Microbial biofilms are an important and costly problem, not only in medicine, but also in industrial applications. Thus, an efficient and rapid removal of biofilms is becoming increasingly important. This work provides new insights into the successful inactivation of C. albicans biofilms by plasma using kINPen09 (see Materials and Methods). Notably, this study provides evidences that the employed plasma treatment caused a primary inactivation of cells located at the basement of the biofilm, which at the same time facilitates the removal of biofilms by other strategies, e.g., mechanical treatment. This novel insight into plasma inactivation of biofilms indicates that plasma is well suited to fight biofilms growing on various surfaces, since surface detachment of biofilms is an important prerequisite for an effective removal of biofilms, especially in industrial settings.

MATERIALS AND METHODS

Fungal strain and growth conditions.

A fungus strain with primarily vertical biofilm growth named Candida albicans SC5314 (ATCC MYA-2876) was used. The fungus was grown on Sabouraud agar and incubated 24 h at 37°C. A suspension of the fungus in phosphate-buffered saline (PBS; pH 7.2, according to Sörensen) was adjusted to an optical density (OD) at 520 nm of 0.375. One milliliter of this suspension was added to 9 ml RPMI medium (without bicarbonate; Merck, Darmstadt, Germany), which served as an inoculum for biofilm cultivation in microtiter plates. For plasma treatment, a coated Polysterol 96-well plate (Sarstedt, Nümbrecht, Germany) was used.

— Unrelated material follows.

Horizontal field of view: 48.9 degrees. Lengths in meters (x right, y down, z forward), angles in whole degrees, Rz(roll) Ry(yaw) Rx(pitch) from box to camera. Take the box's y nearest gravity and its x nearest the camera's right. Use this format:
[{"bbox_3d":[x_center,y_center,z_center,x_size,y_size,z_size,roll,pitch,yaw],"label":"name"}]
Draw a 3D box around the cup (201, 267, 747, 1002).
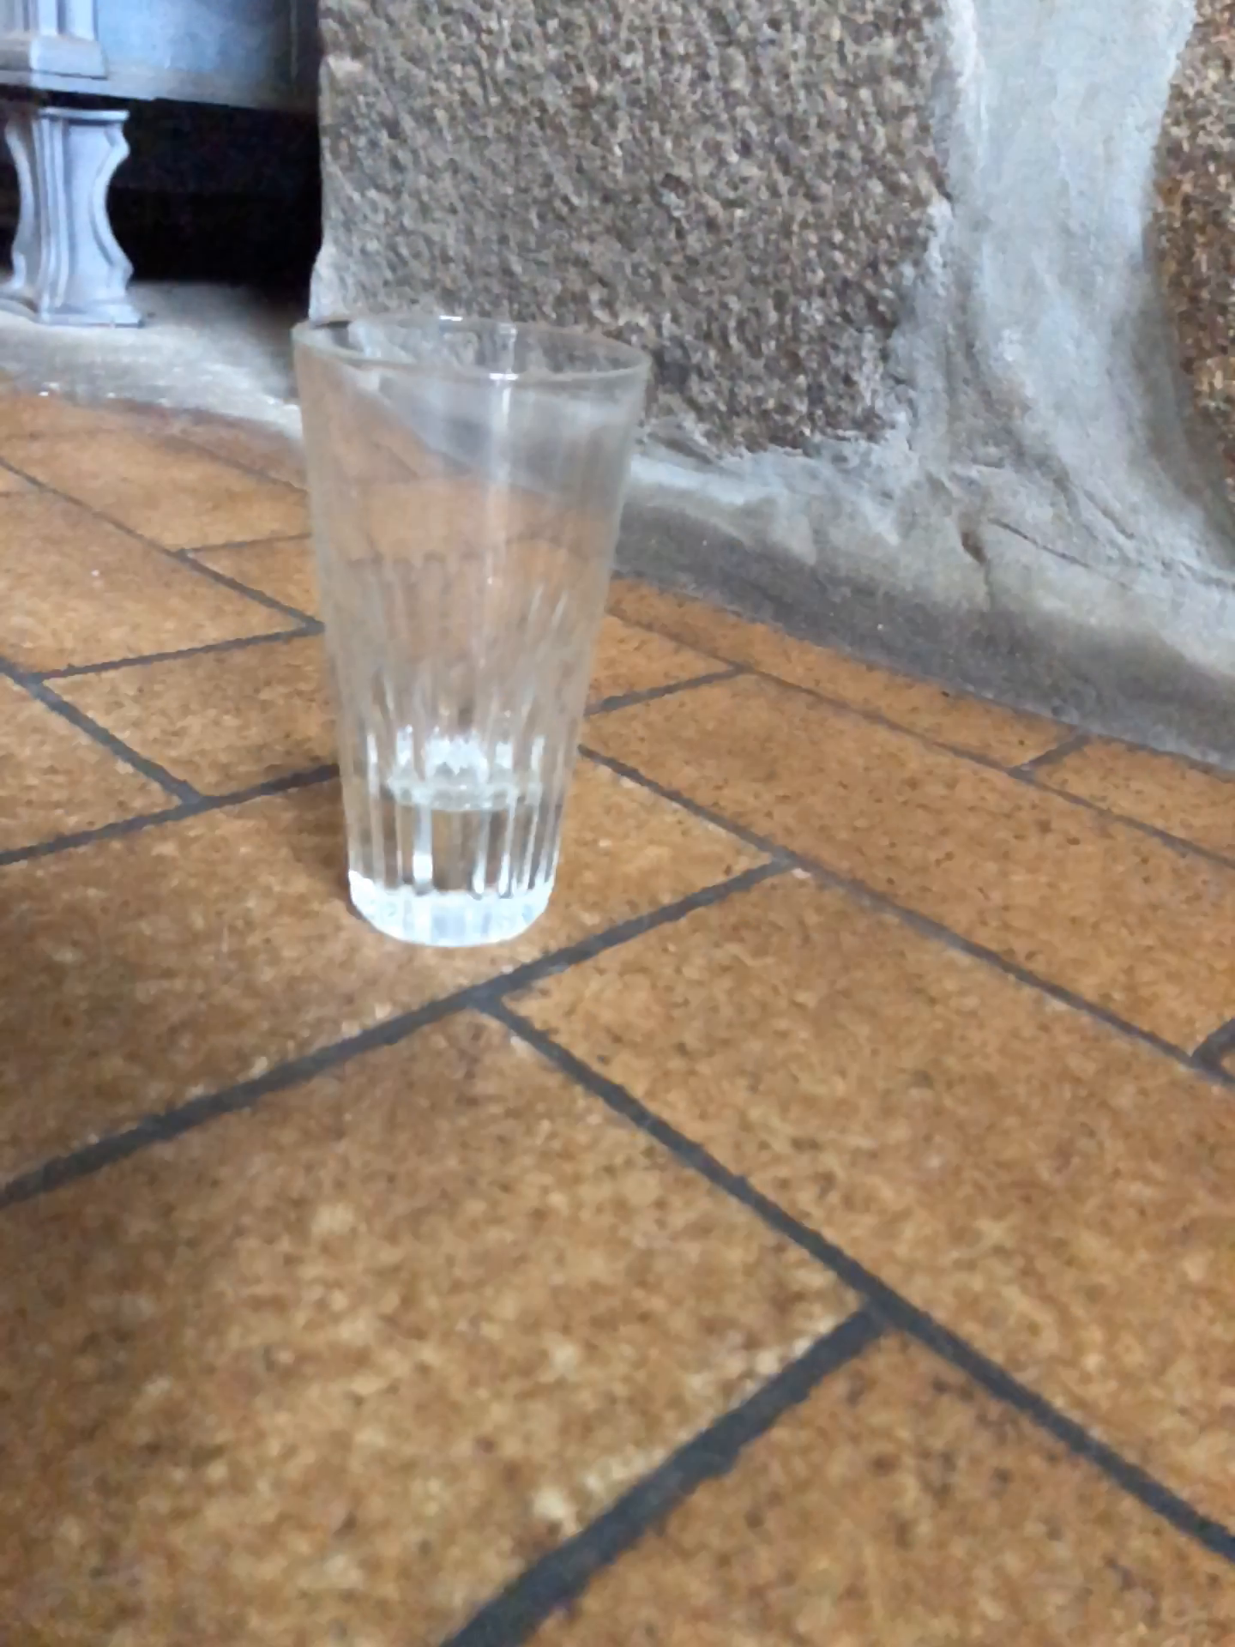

As an exception, a 12-well plate was used for the AFM. Two hundred microliters of the suspension was pipetted per well and incubated 90 min at 37°C and 80 rpm on a rotary shaker to allow cell attachment. After incubation, the medium was removed, the well was washed with 200 μl PBS (pH 7.2 according to Sörensen), and 200 μl RPMI medium was added. The plate was incubated 24 h at 37°C and 80 rpm on a rotary shaker, resulting in well-established C. albicans biofilms for further analysis. This protocol was kindly provided by the research group of Christiane Yumi Koga-Ito, Institute of Science and Technology—UNESP, Department of Oral Sciences and Diagnosis.

Plasma source.

kINPen09 (neoplas GmbH; Greifswald, Germany), a commercial APPJ, was used for plasma treatment. Using a direct current (DC) power supply (system energy, 8 W at 220 V, 50/60 Hz) and 99.99% argon gas connection (Linde, Pullach, Germany) with 5 slm, plasma was generated under atmospheric pressure. The inside of the APPJ handpiece consists of a 1.6-mm-diameter quartz capillary with an embedded electrode of 1-mm diameter (Fig. 11). When the APPJ was in operation, a high-frequency voltage of 1.1 MHz, 2 to 6 kVpp, was applied to the electrode. This generated the plasma at the tip of the electrode and expelled it into the surrounding medium, forming an effluent (55).

FIG 11 — Radiofrequency plasma jet (RFPJ) instrument kINPen09 (Neoplas GmbH; Greifswald, Germany). (A) Photograph of RFPJ; (B) schematic structure of the RFPJ and composition of the physical plasma. (Reprinted from reference 58 with permission.)

Plasma treatment of C. albicans SC5314 biofilms.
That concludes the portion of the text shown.